Common Considerations Before Enabling SCIM
Before turning on provisioning, it helps to plan for a few operational details:
- Confirm which IdP groups should map to which RunDiffusion teams and roles
- Review whether your team is ready for the IdP to become the source of truth
- Test provisioning behavior before broad rollout
- Store and manage your SCIM token securely
- Decide whether Enforce SSO Authentication should be enabled immediately or introduced in stages
Enterprise Availability
SSO and User Provisioning is an Enterprise-only feature for RunDiffusion company workspaces.
If your organization needs centralized authentication, SCIM-based provisioning, and identity-driven team and role mapping, this feature is designed specifically for Enterprise administration and access control.
Get Started
To begin using enterprise SSO user provisioning in your Enterprise company workspace:
Open Company Dashboard
Go to Company Settings
Select SSO and User Provisioning
Review your SSO details. Enable SCIM provisioning when ready. Use the built-in View tutorial guide to complete setup and group mapping
This release gives Enterprise teams a scalable way to manage access on RunDiffusion, with your identity provider handling the user lifecycle and RunDiffusion reflecting those changes inside your workspace.
FAQ
Is SSO and User Provisioning available on all plans?
No. SSO and User Provisioning is an Enterprise-only feature for RunDiffusion company workspaces.
What identity providers are supported?
RunDiffusion supports Microsoft Entra ID (Azure AD) and other SCIM-capable identity providers using SCIM 2.0.

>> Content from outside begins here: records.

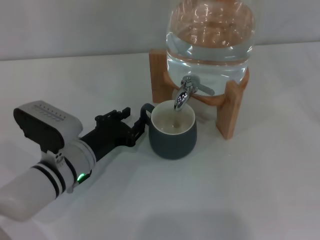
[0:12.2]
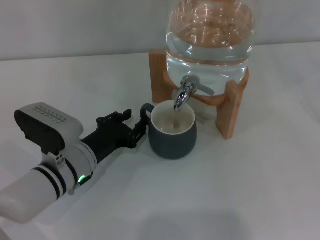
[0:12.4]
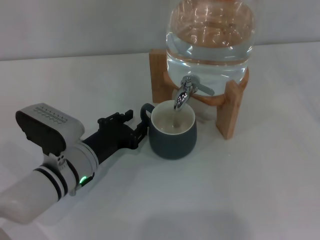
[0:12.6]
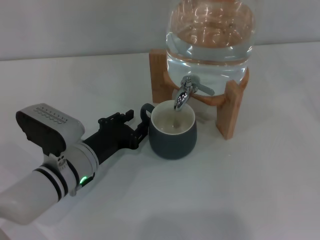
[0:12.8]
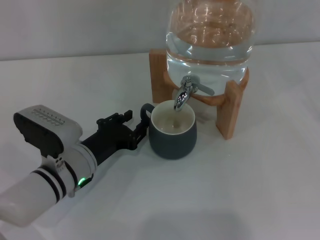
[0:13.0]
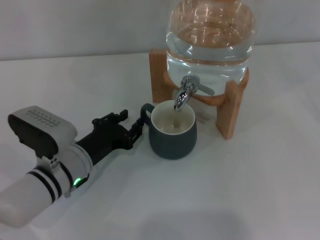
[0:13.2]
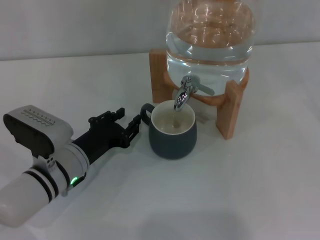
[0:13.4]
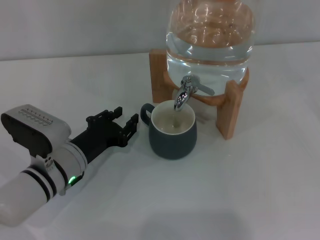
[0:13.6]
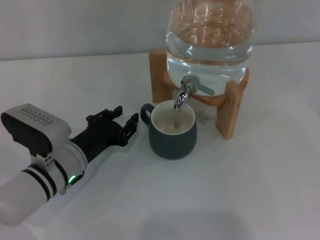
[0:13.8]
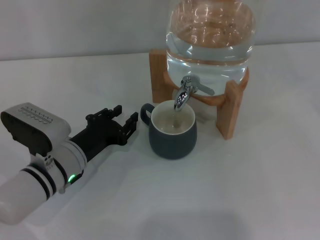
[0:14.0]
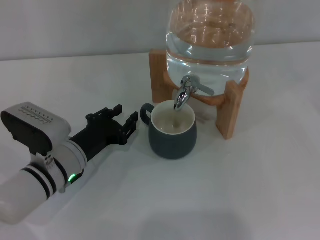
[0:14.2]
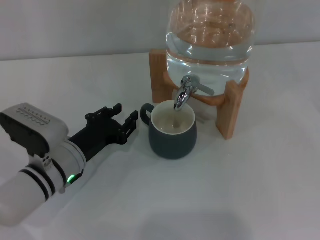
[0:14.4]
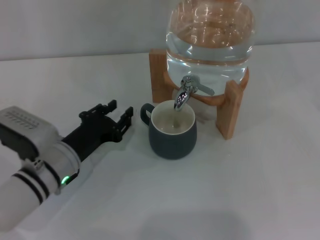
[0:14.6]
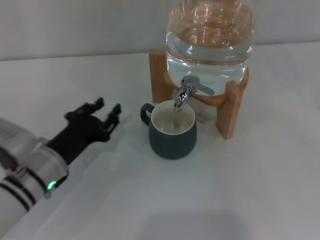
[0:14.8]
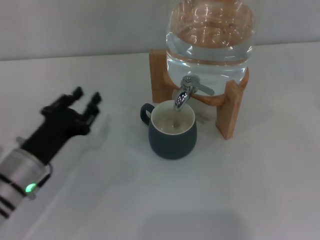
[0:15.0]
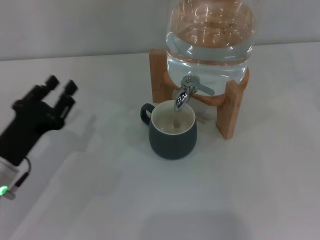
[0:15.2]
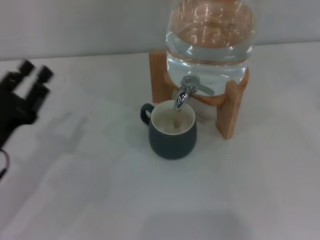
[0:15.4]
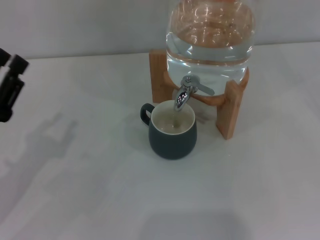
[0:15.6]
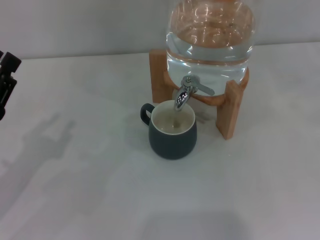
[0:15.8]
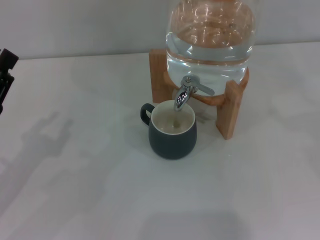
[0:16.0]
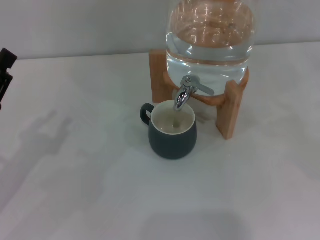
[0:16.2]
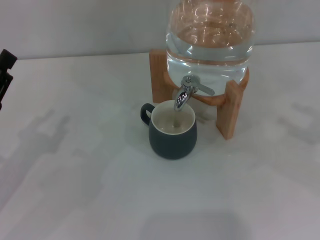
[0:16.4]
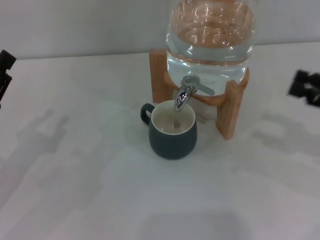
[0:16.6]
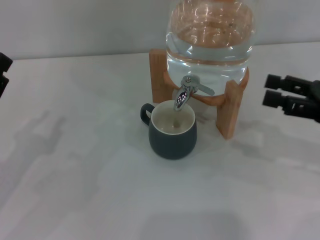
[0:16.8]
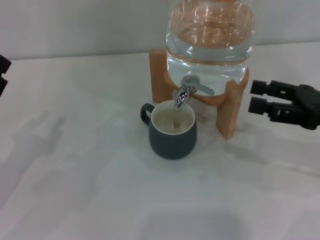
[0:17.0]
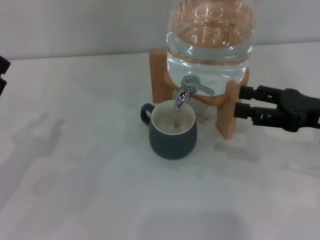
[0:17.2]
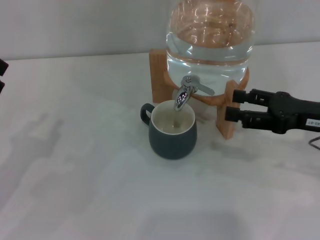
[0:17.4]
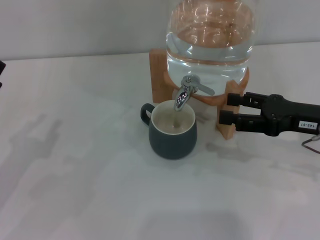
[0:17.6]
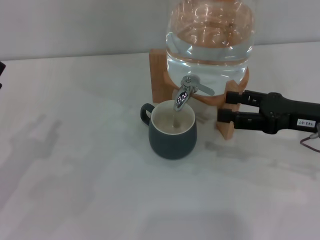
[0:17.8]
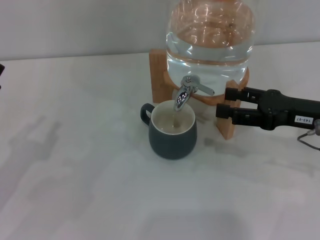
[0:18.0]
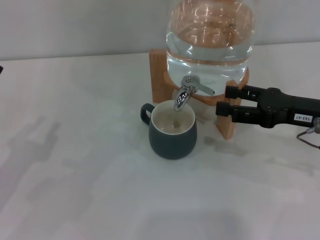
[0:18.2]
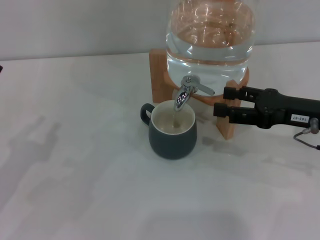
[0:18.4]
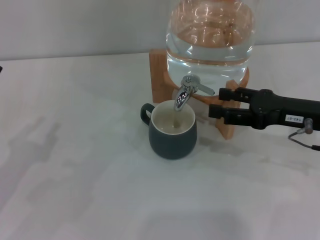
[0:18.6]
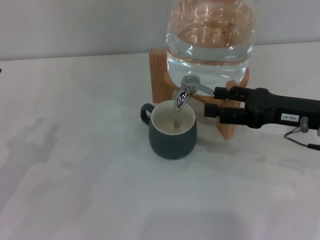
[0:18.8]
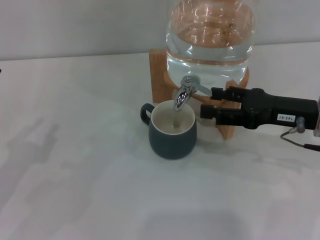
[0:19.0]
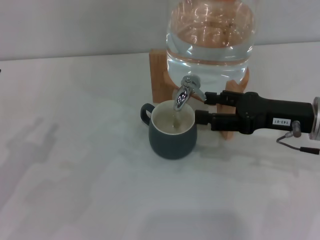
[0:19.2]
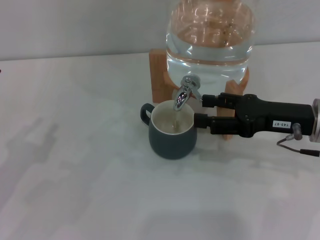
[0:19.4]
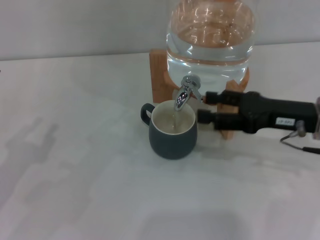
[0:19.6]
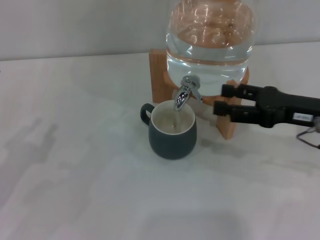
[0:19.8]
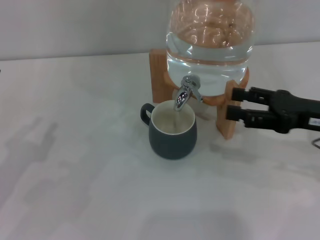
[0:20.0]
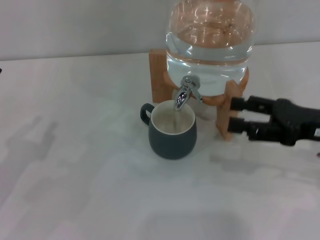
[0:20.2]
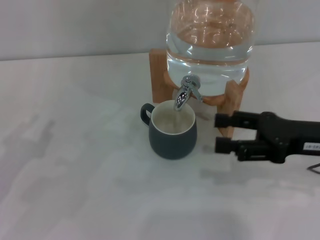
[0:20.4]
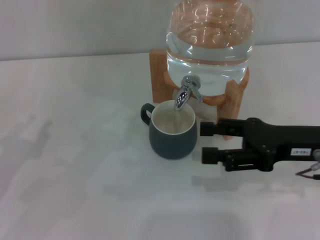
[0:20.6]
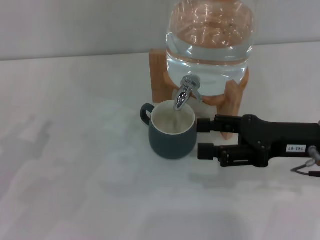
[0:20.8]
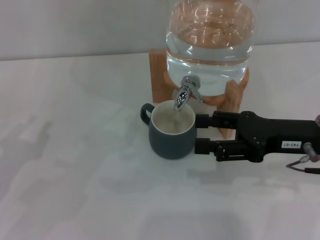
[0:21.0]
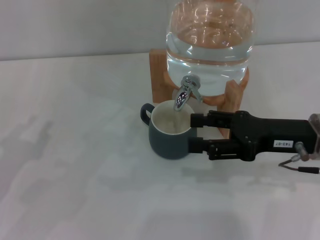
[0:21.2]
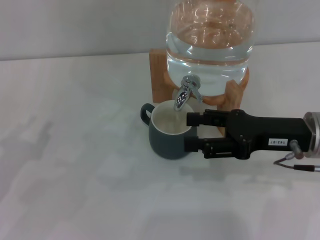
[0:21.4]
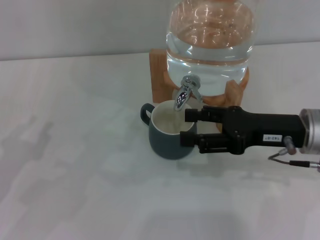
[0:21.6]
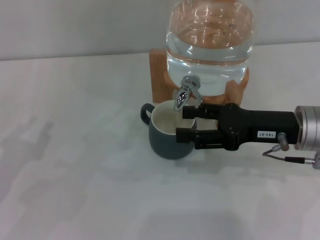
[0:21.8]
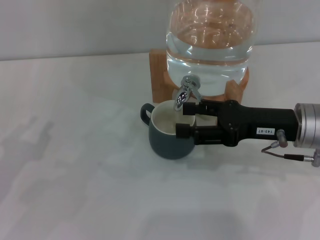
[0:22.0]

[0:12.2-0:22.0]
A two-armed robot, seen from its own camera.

What does SCIM provisioning do?
SCIM provisioning allows your identity provider to automatically create users, update user details and access, deactivate users, and sync groups that can be mapped to RunDiffusion teams and roles.
What happens after SCIM provisioning is enabled?
Once SCIM provisioning is enabled, your identity provider pushes user and group changes into RunDiffusion, and you will no longer make team member or role assignments manually inside RunDiffusion.
Where do I configure SSO and provisioning settings?
You can access these settings from:
Account Icon → Company Dashboard → Company Settings → SSO and User Provisioning
What can admins configure on the SSO and User Provisioning page?
Admins can access the SSO identifier, company sign-on link, Enforce SSO Authentication option, SCIM Server Base URL, SCIM Access Token controls, and a guided tutorial for setup and group mapping.
What does Enforce SSO Authentication do?
When enabled, the SSO login method becomes the only login method available to users in that company workspace.
How do I set up SCIM provisioning?
RunDiffusion provides a built-in View tutorial option inside the SSO and User Provisioning page. For Microsoft Entra ID, readers can also use the full walkthrough here:
How to Configure a New SSO Configuration with Microsoft Entra ID (Azure AD) | RunDiffusion
Learn how to configure Single Sign-On (SSO) for your Enterprise RunDiffusion account using Microsoft Entra ID (formerly Azure AD). Follow this step-by-step guide to integrate SAML-based SSO, streamline authentication, and secure access across your organization.
RunDiffusion Team
Can I preview provisioning changes before syncing?
Yes. The platform includes sync preview before changes are applied.
Will admins receive notifications about provisioning changes?
Yes. RunDiffusion provides email notifications with a detailed, audit-style changelog email.
Can groups be mapped to teams and roles?
Yes. IdP groups can be mapped to RunDiffusion teams and roles.